Limitations & Future Work¶
- The TVAE framework increases per-step generation volume (Think + Verification + Expectation), potentially increasing inference latency.
- The idempotency assumption does not apply to all GUI failure modes (e.g., irreversible changes caused by erroneous actions).
- Synthesized failure trajectories may not cover all real-world failure types (e.g., partial loading, interrupted animations).
- Results on online MiniWoB++ and AndroidWorld are not reported in detail.
Related Work & Insights¶
- vs UI-TARS: UI-TARS improves accuracy through large-scale pretraining and unified modeling but lacks verification and recovery capabilities. VeriGUI achieves comparable performance at a smaller scale through closed-loop verification.

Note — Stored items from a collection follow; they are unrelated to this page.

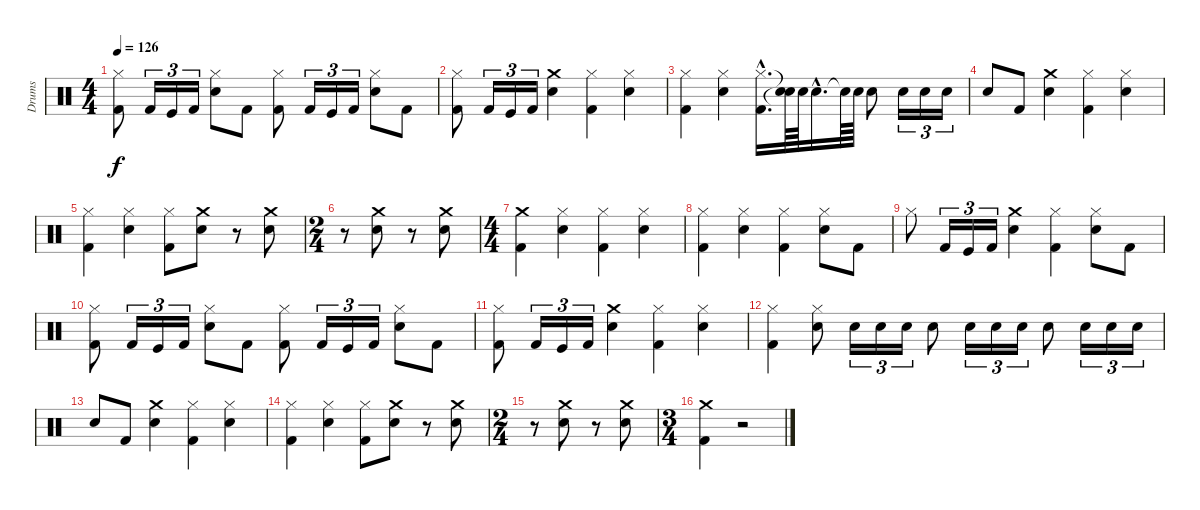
\track ("Drums" "Drums") {instrument percussion}
\staff {score}
\articulation defaults
\ts (4 4)
\tempo 126
\clef neutral
\ks c
("Kick (hit) 2" "Hi-Hat (closed)").8{dy f} "Kick (hit) 2".16{tu (3 2)} "Kick (hit)".16{tu (3 2)} "Kick (hit) 2".16{tu (3 2)} ("Snare (hit) 2" "Hi-Hat (closed)").8 "Kick (hit) 2".8 ("Kick (hit) 2" "Hi-Hat (closed)").8 "Kick (hit) 2".16{tu (3 2)} "Kick (hit)".16{tu (3 2)} "Kick (hit) 2".16{tu (3 2)} ("Snare (hit) 2" "Hi-Hat (closed)").8 "Kick (hit) 2".8 |
("Hi-Hat (closed)" "Kick (hit) 2").8 "Kick (hit) 2".16{tu (3 2)} "Kick (hit)".16{tu (3 2)} "Kick (hit) 2".16{tu (3 2)} ("Snare (hit) 2" "Crash medium (hit)").4 ("Kick (hit) 2" "Hi-Hat (closed)").4 ("Hi-Hat (closed)" "Snare (hit) 2").4 |
("Kick (hit) 2" "Hi-Hat (closed)").4 ("Snare (hit) 2" "Hi-Hat (closed)").4 ("Hi-Hat (closed)"{hac} "Kick (hit) 2"{hac}).16{d} ("Snare (hit)"{t} "Snare (hit)"{t}).64 "Snare (hit) 2".64 "Snare (hit) 2"{hac}.16{d} "Snare (hit)"{t}.64 "Snare (hit) 2".64 "Snare (hit) 2".8 "Snare (hit) 2".16{tu (3 2)} "Snare (hit) 2".16{tu (3 2)} "Snare (hit) 2".16{tu (3 2)} |
"Snare (hit) 2".8 "Kick (hit) 2".8 ("Crash medium (hit)" "Snare (hit) 2").4 ("Kick (hit) 2" "Hi-Hat (closed)").4 ("Snare (hit) 2" "Hi-Hat (closed)").4 |
("Kick (hit) 2" "Hi-Hat (closed)").4 ("Snare (hit) 2" "Hi-Hat (closed)").4 ("Kick (hit) 2" "Hi-Hat (closed)").8 ("Crash medium (hit)" "Snare (hit) 2").8 r.8 ("Snare (hit) 2" "Crash medium (hit)").8 |
\ts (2 4)
r.8 ("Snare (hit) 2" "Crash medium (hit)").8 r.8 ("Snare (hit) 2" "Crash medium (hit)").8 |
\ts (4 4)
("Kick (hit) 2" "Crash medium (hit)").4 ("Hi-Hat (closed)" "Snare (hit) 2").4 ("Hi-Hat (closed)" "Kick (hit) 2").4 ("Snare (hit) 2" "Hi-Hat (closed)").4 |
("Hi-Hat (closed)" "Kick (hit) 2").4 ("Hi-Hat (closed)" "Snare (hit) 2").4 ("Hi-Hat (closed)" "Kick (hit) 2").4 ("Hi-Hat (closed)" "Snare (hit) 2").8 "Kick (hit) 2".8 |
"Hi-Hat (closed)".8 "Kick (hit) 2".16{tu (3 2)} "Kick (hit)".16{tu (3 2)} "Kick (hit) 2".16{tu (3 2)} ("Snare (hit) 2" "Crash medium (hit)").4 ("Hi-Hat (closed)" "Kick (hit) 2").4 ("Snare (hit) 2" "Hi-Hat (closed)").8 "Kick (hit) 2".8 |
("Kick (hit) 2" "Hi-Hat (closed)").8 "Kick (hit) 2".16{tu (3 2)} "Kick (hit)".16{tu (3 2)} "Kick (hit) 2".16{tu (3 2)} ("Snare (hit) 2" "Hi-Hat (closed)").8 "Kick (hit) 2".8 ("Kick (hit) 2" "Hi-Hat (closed)").8 "Kick (hit) 2".16{tu (3 2)} "Kick (hit)".16{tu (3 2)} "Kick (hit) 2".16{tu (3 2)} ("Snare (hit) 2" "Hi-Hat (closed)").8 "Kick (hit) 2".8 |
("Hi-Hat (closed)" "Kick (hit) 2").8 "Kick (hit) 2".16{tu (3 2)} "Kick (hit)".16{tu (3 2)} "Kick (hit) 2".16{tu (3 2)} ("Snare (hit) 2" "Crash medium (hit)").4 ("Kick (hit) 2" "Hi-Hat (closed)").4 ("Hi-Hat (closed)" "Snare (hit) 2").4 |
("Kick (hit) 2" "Hi-Hat (closed)").4 ("Snare (hit) 2" "Hi-Hat (closed)").8 "Snare (hit) 2".16{tu (3 2)} "Snare (hit) 2".16{tu (3 2)} "Snare (hit) 2".16{tu (3 2)} "Snare (hit) 2".8 "Snare (hit) 2".16{tu (3 2)} "Snare (hit) 2".16{tu (3 2)} "Snare (hit) 2".16{tu (3 2)} "Snare (hit) 2".8 "Snare (hit) 2".16{tu (3 2)} "Snare (hit) 2".16{tu (3 2)} "Snare (hit) 2".16{tu (3 2)} |
"Snare (hit) 2".8 "Kick (hit) 2".8 ("Crash medium (hit)" "Snare (hit) 2").4 ("Kick (hit) 2" "Hi-Hat (closed)").4 ("Snare (hit) 2" "Hi-Hat (closed)").4 |
("Kick (hit) 2" "Hi-Hat (closed)").4 ("Snare (hit) 2" "Hi-Hat (closed)").4 ("Kick (hit) 2" "Hi-Hat (closed)").8 ("Crash medium (hit)" "Snare (hit) 2").8 r.8 ("Snare (hit) 2" "Crash medium (hit)").8 |
\ts (2 4)
r.8 ("Snare (hit) 2" "Crash medium (hit)").8 r.8 ("Snare (hit) 2" "Crash medium (hit)").8 |
\ts (3 4)
("Kick (hit) 2" "Crash medium (hit)").4 r.2

- vs DigiRL / DistRL: These methods optimize task success rates via online RL but require substantial simulator infrastructure. VeriGUI achieves similar effects using offline data via idempotency.
- vs LLM Self-Correction: Self-correction work such as Madaan et al. assumes external feedback or oracle information, whereas VeriGUI's verification is based entirely on internal reasoning over visual evidence.
Rating¶
- Novelty: ⭐⭐⭐⭐⭐ The combination of TVAE closed-loop verification, idempotency exploitation, and asymmetric penalty is highly elegant.
- Experimental Thoroughness: ⭐⭐⭐⭐ Multiple benchmarks, robustness tests, and cross-distribution evaluation, though online results are insufficiently detailed.
- Writing Quality: ⭐⭐⭐⭐ Motivation is clear and method descriptions are thorough, though notation is occasionally dense.
- Value: ⭐⭐⭐⭐⭐ Addresses a core pain point of GUI agents — blind execution and infinite loops — with high practical value.